A jogada é a do segundo golo da Espanha frente à Polónia e, além de mostrar como o futebol, quando jogado de modo colectivo, pode ser extraordinário, é uma imagem de marca desta selecção, à qual Xavi, Iniesta, Fabregas e Silva, principalmente, forçam o seu estilo. O futebol rendilhado, de toque curto, dos espanhóis, a privilegiar os espaços centrais para penetrar nas linhas adversárias, teve neste lance a perfeição idealizável. O lance começa na esquerda e os polacos não têm propriamente os espaços centrais desprotegidos. Ainda assim, Iniesta conduz a bola para o meio, deixando-a em Xavi, que tabela de imediato com David Silva. Xavi aguenta depois a carga e joga em Iniesta, que se tinha posicionado no espaço entre linhas. Este, embora tenha David Silva a apenas um metro, não hesita em jogar de frente com ele, de primeira, recebendo a devolução de imediato. Iniesta roda, espera que Xavi se desmarque nas costas da defesa e, com um passe açucarado por cima de toda a defensiva, isola o colega de equipa no Barcelona. Isolado e perante a saída do guarda-redes adversário, Xavi não aponta à baliza, optando antes por passar de primeira para David Silva, que fica com a baliza escancarada e só tem de encostar.
Tudo isto, descrito assim, parece simples, mas é preciso notar que ocorre quase tudo num espaço de pouco mais de dez metros quadrados e no meio de sete adversários. Não sei se a dimensão do lance estará a ser bem compreendida. Três jogadores, sem a ajuda de mais ninguém, conseguiram passar pelo meio de sete adversários, num espaço reduzidíssimo, não em força ou em velocidade, mas recorrendo a trocas de bola curtas e rápidas. No total, desde o passe inicial de Iniesta até ao remate de Silva para o fundo da baliza, houve oito trocas de bola. Há quem ache que isto é simples e que o que estes jogadores fazem é simplificar o jogo. Mas isto é precisamente o oposto. O futebol dos espanhóis não podia ser mais complexo e de difícil execução. É por isso que, para jogar assim, é preciso índices de criatividade elevadíssimos em todos os jogadores e uma capacidade de raciocínio muito acima da média. Aqueles toques de primeira parecem fáceis porque a bola percorre poucos metros, mas os requisitos intelectuais para se poder executar um passe daqueles não estão ao alcance de todos. Cada uma daquelas trocas de bola exige mais do que o mais fantástico dos dribles individuais, do que o mais perfeito passe longo. Estes jogadores, antes de receberem a bola, já leram a mente dos colegas e já sabem como estes se vão comportar. Para que o saibam e para que possam tirar partido disso, não precisam apenas de estar à vontade tecnicamente para jogar de primeira; precisam, sobretudo, de ter a capacidade de se colocar no lugar dos outros, isto é, precisam de uma capacidade imaginativa suficientemente ampla para que percebam não só qual a melhor solução para o lance como também de que modo está o colega a pensar. O que esta jogada está, no fundo, a fazer, de um modo bem menos perceptível, é a troçar dos Raúis Meireles da bola. Este é o futebol do futuro e, mais do que isso, o próprio indício de quais serão os mais competentes jogadores do futuro. Haverá poucas lições mais perfeitas que esta e todos os treinadores do mundo deveriam pegar neste lance e mostrá-los aos seus jogadores, dizendo de seguida: "Estão a ver? É assim que se joga futebol!"

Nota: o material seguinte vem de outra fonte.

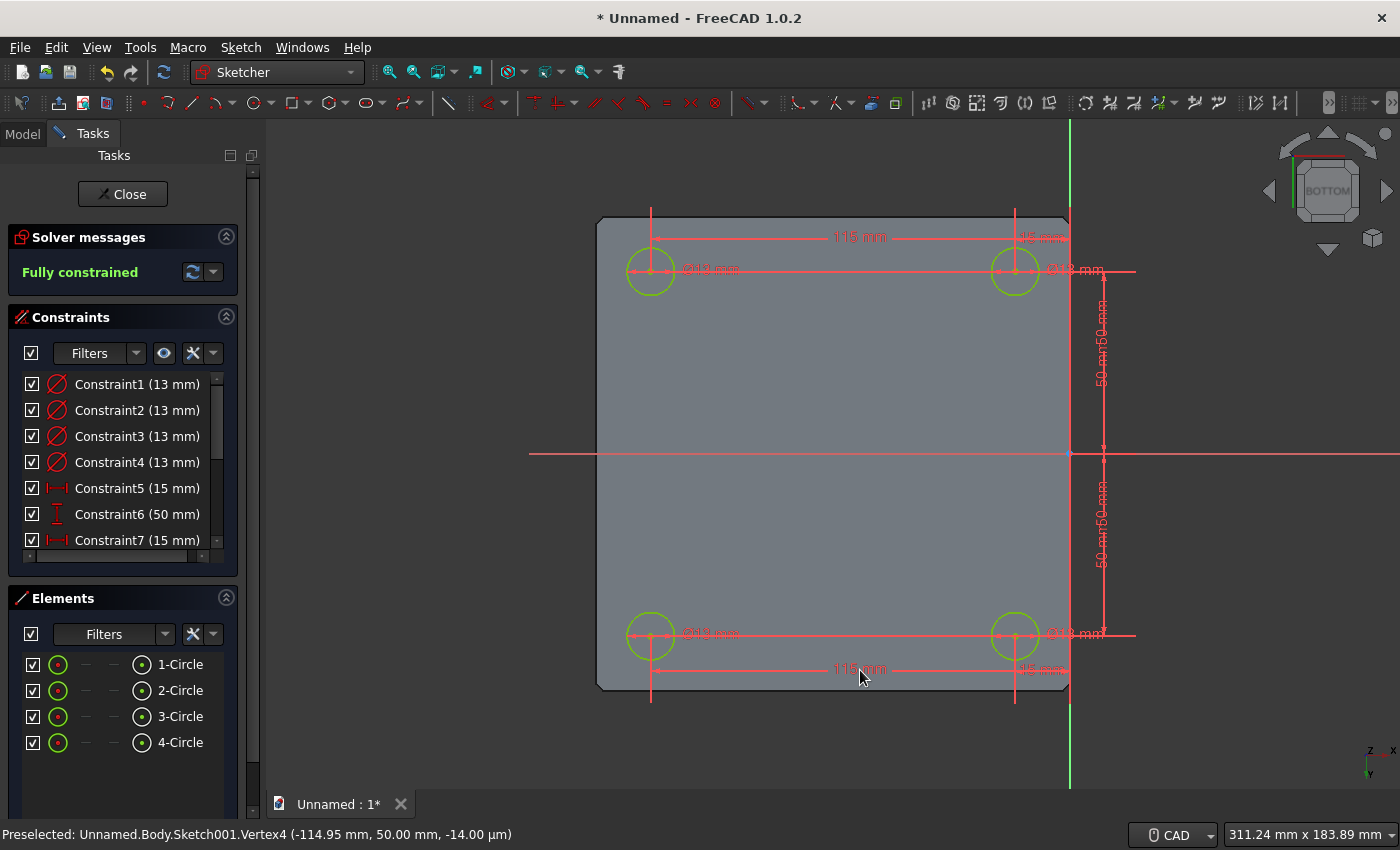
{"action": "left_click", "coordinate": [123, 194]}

A jogada é a do segundo golo da Espanha frente à Polónia e, além de mostrar como o futebol, quando jogado de modo colectivo, pode ser extraordinário, é uma imagem de marca desta selecção, à qual Xavi, Iniesta, Fabregas e Silva, principalmente, forçam o seu estilo. O futebol rendilhado, de toque curto, dos espanhóis, a privilegiar os espaços centrais para penetrar nas linhas adversárias, teve neste lance a perfeição idealizável. O lance começa na esquerda e os polacos não têm propriamente os espaços centrais desprotegidos. Ainda assim, Iniesta conduz a bola para o meio, deixando-a em Xavi, que tabela de imediato com David Silva. Xavi aguenta depois a carga e joga em Iniesta, que se tinha posicionado no espaço entre linhas. Este, embora tenha David Silva a apenas um metro, não hesita em jogar de frente com ele, de primeira, recebendo a devolução de imediato. Iniesta roda, espera que Xavi se desmarque nas costas da defesa e, com um passe açucarado por cima de toda a defensiva, isola o colega de equipa no Barcelona. Isolado e perante a saída do guarda-redes adversário, Xavi não aponta à baliza, optando antes por passar de primeira para David Silva, que fica com a baliza escancarada e só tem de encostar.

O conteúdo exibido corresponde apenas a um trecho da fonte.